Task statement: Retype, without pictures, the line holding "<androidx.recyclerview.widget.RecyclerView" and each line below it through the final line.

** Records provided follows **

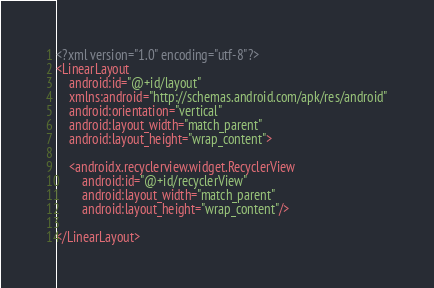<code> <loc_0><loc_0><loc_500><loc_500><_XML_><?xml version="1.0" encoding="utf-8"?>
<LinearLayout
    android:id="@+id/layout"
    xmlns:android="http://schemas.android.com/apk/res/android"
    android:orientation="vertical"
    android:layout_width="match_parent"
    android:layout_height="wrap_content">

    <androidx.recyclerview.widget.RecyclerView
        android:id="@+id/recyclerView"
        android:layout_width="match_parent"
        android:layout_height="wrap_content"/>

</LinearLayout></code> 
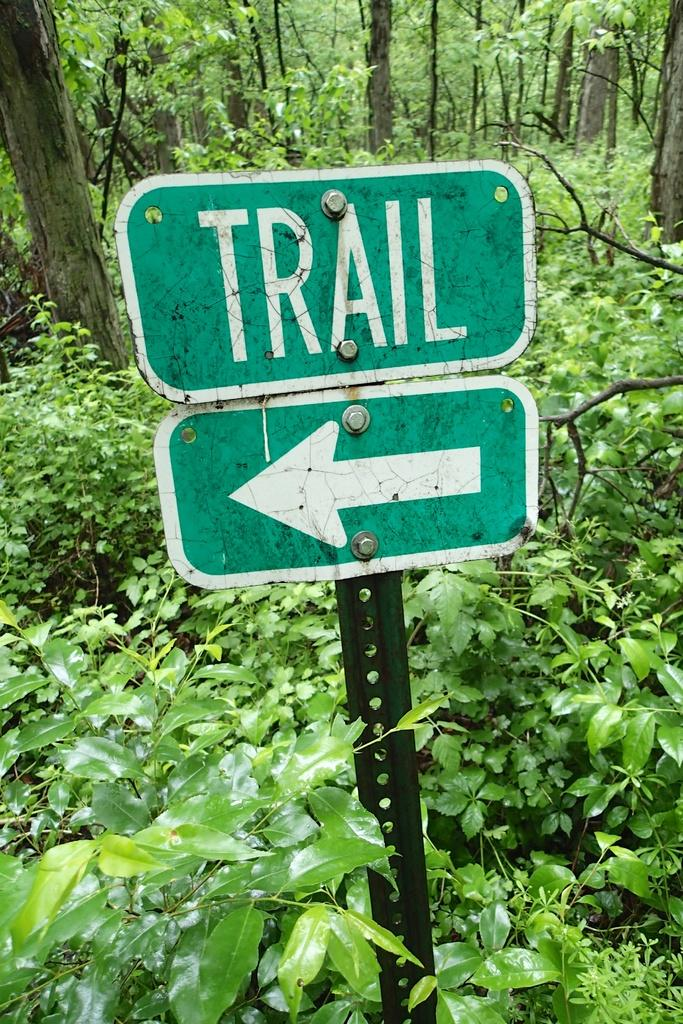<image>
Describe the image concisely. A sign in the forest that reads TRAIL with and arrow pointing to the left.

** End of Records provided **

Result below:
    <androidx.recyclerview.widget.RecyclerView
        android:id="@+id/recyclerView"
        android:layout_width="match_parent"
        android:layout_height="wrap_content"/>

</LinearLayout></code> 
<image>
Describe the image concisely. A sign in the forest that reads TRAIL with and arrow pointing to the left.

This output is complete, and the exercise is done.